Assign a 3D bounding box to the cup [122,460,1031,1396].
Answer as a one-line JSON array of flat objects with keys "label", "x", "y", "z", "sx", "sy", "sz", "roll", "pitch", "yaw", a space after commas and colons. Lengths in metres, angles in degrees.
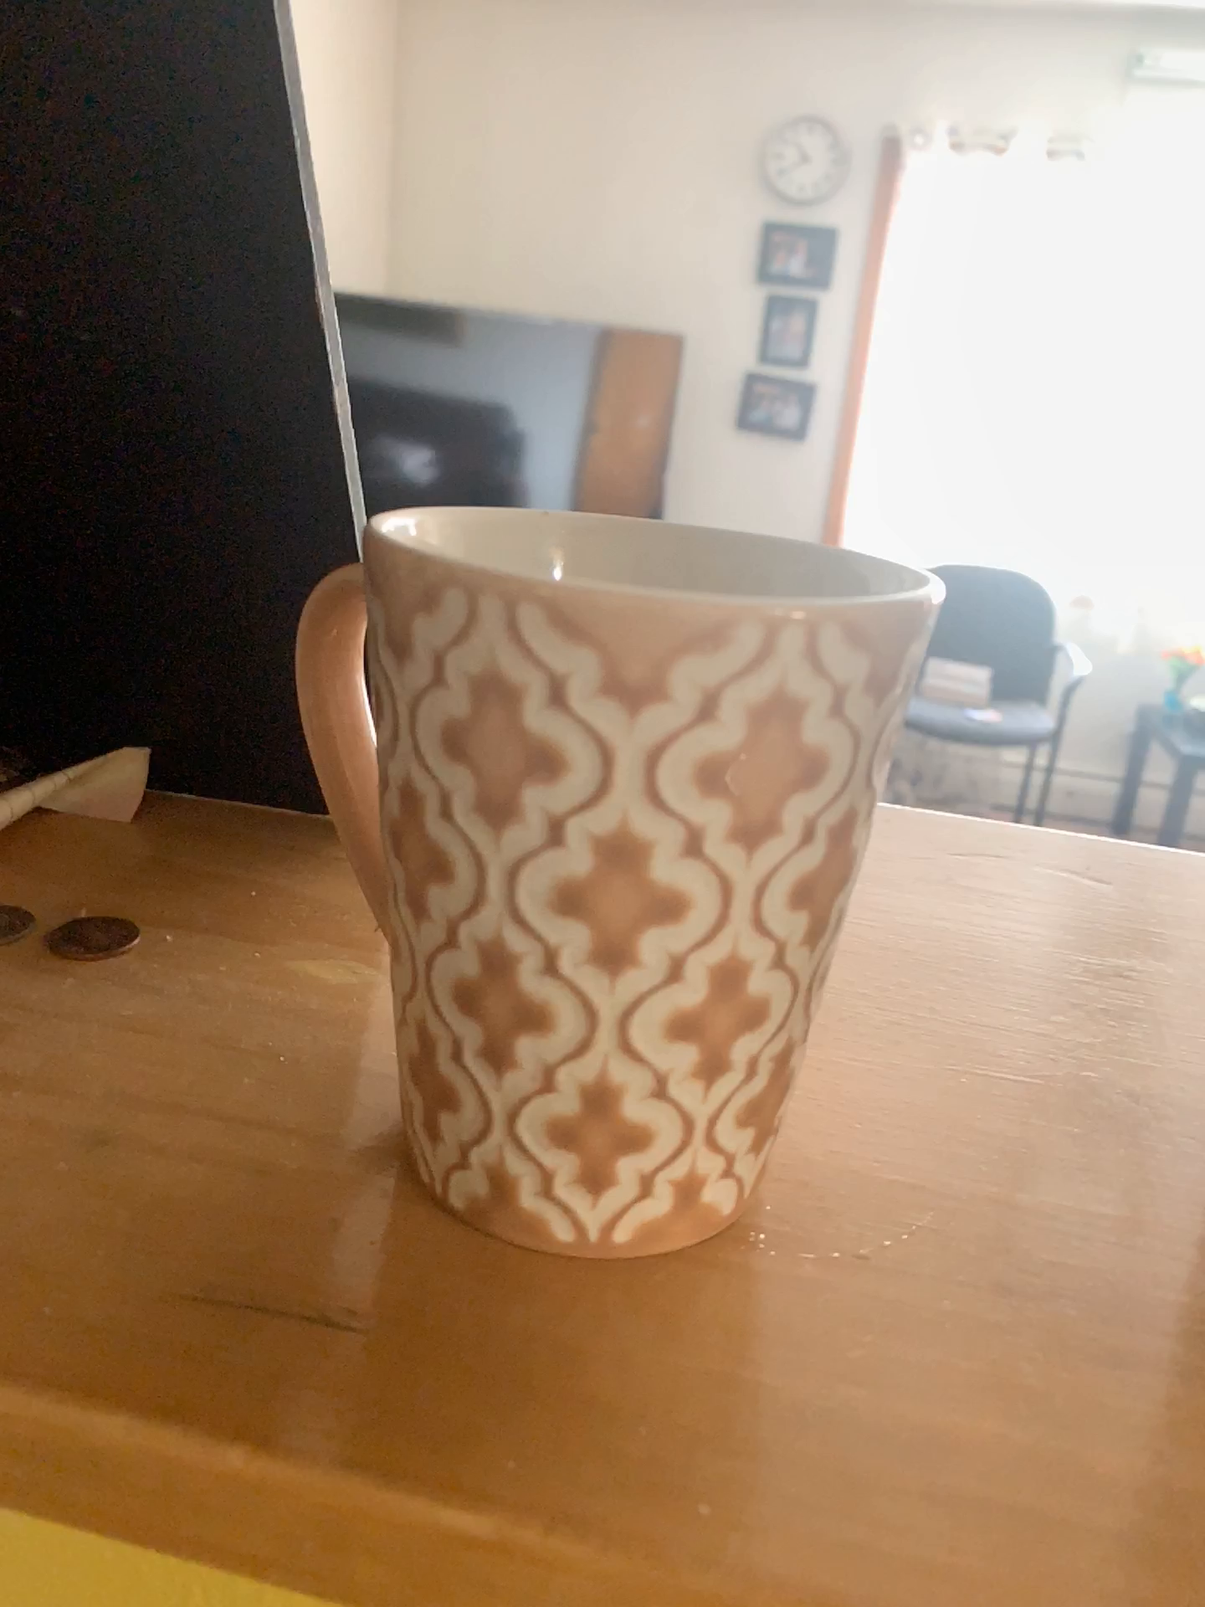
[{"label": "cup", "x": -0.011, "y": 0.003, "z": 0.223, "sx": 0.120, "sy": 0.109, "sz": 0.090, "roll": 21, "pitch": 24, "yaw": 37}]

::::

» **WORK REQUIRED**
The answer must be the exact lines from the line with "Answer as a" to the final line of the data, both ends included, with no pictures.

» **WRITTEN REPLY**
Answer as a one-line JSON array of flat objects with keys "label", "x", "y", "z", "sx", "sy", "sz", "roll", "pitch", "yaw", a space after commas and colons. Lengths in metres, angles in degrees.
[{"label": "cup", "x": -0.011, "y": 0.003, "z": 0.223, "sx": 0.120, "sy": 0.109, "sz": 0.090, "roll": 21, "pitch": 24, "yaw": 37}]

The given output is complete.